Metadata-Version: 2.1
Name: qir
Version: 0.0.6
Summary: Chiral magnetic noise calculations in thin magnetic films.
Home-page: https://github.com/helenala/qi-relaxometry
Author: Helena La
Author-email: heelenala@gmail.com
License: UNKNOWN
Platform: UNKNOWN
Classifier: Programming Language :: Python :: 3.6
Classifier: License :: OSI Approved :: GNU General Public License v2 or later (GPLv2+)
Classifier: Operating System :: OS Independent
Description-Content-Type: text/markdown
License-File: LICENSE.txt

# Quantum Impurity Relaxometry

Magnons are quanta of spin waves, which are modes of collectively precessing spins. Thermally excited magnons in thin magnetic films generate stray fields at the film surface which can be detected using quantum impurities such as nitrogen-vacancy (NV) centers. NVs are lattice defects in diamond and are able to couple with magnon stray fields. Assuming a thermal occupancy of magnon modes, we study the magnetization dynamics of the magnons propagating through thin magnetic insulators using the Landau-Lifshitz-Gilbert equation. We implement a numerical model to predict and understand the response of the NV center to proximal magnons in thin films.

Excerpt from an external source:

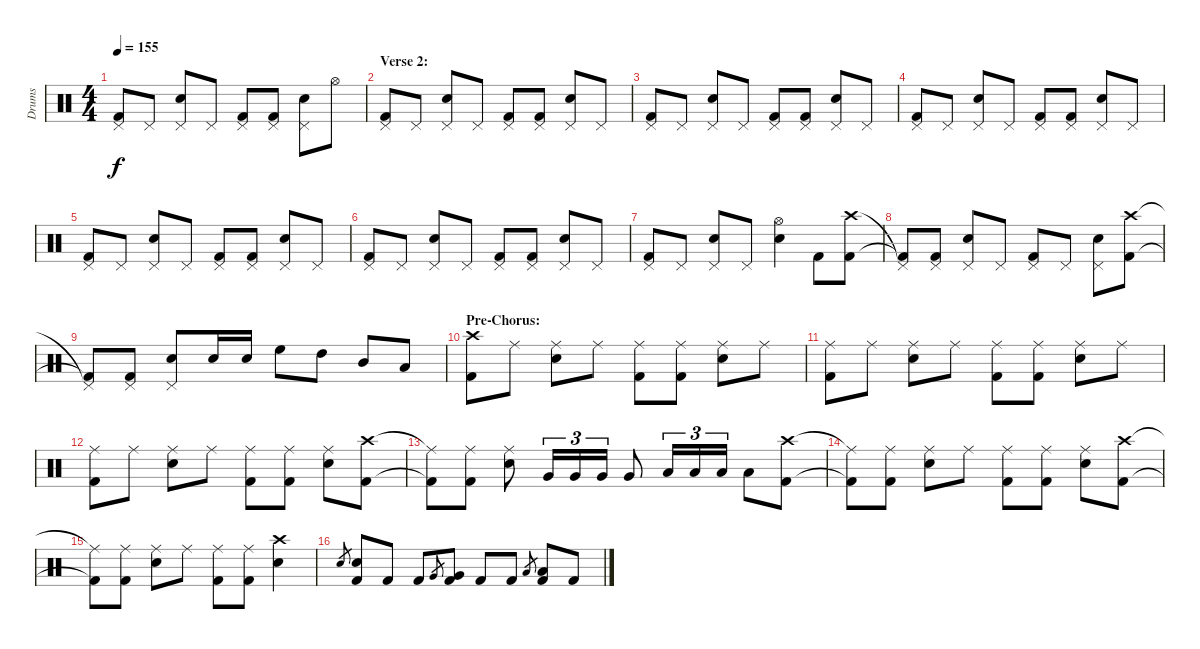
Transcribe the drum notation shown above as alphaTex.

We investigate how the NV relaxation rate changes for different NV orientations by extending and generalizing the existing theory on chiral magnetic noise, and simulate an experimental setup for an NV placed just above the surface of an ultrathin magnetic insulator. The simulation includes a static bias field in an arbitrary orientation with respect to the quantization axis of the NV center using the diamond’s tetrahedral symmetry. This extended model is in demand due to limitations in present-day measurement techniques to align the bias field with an NV center.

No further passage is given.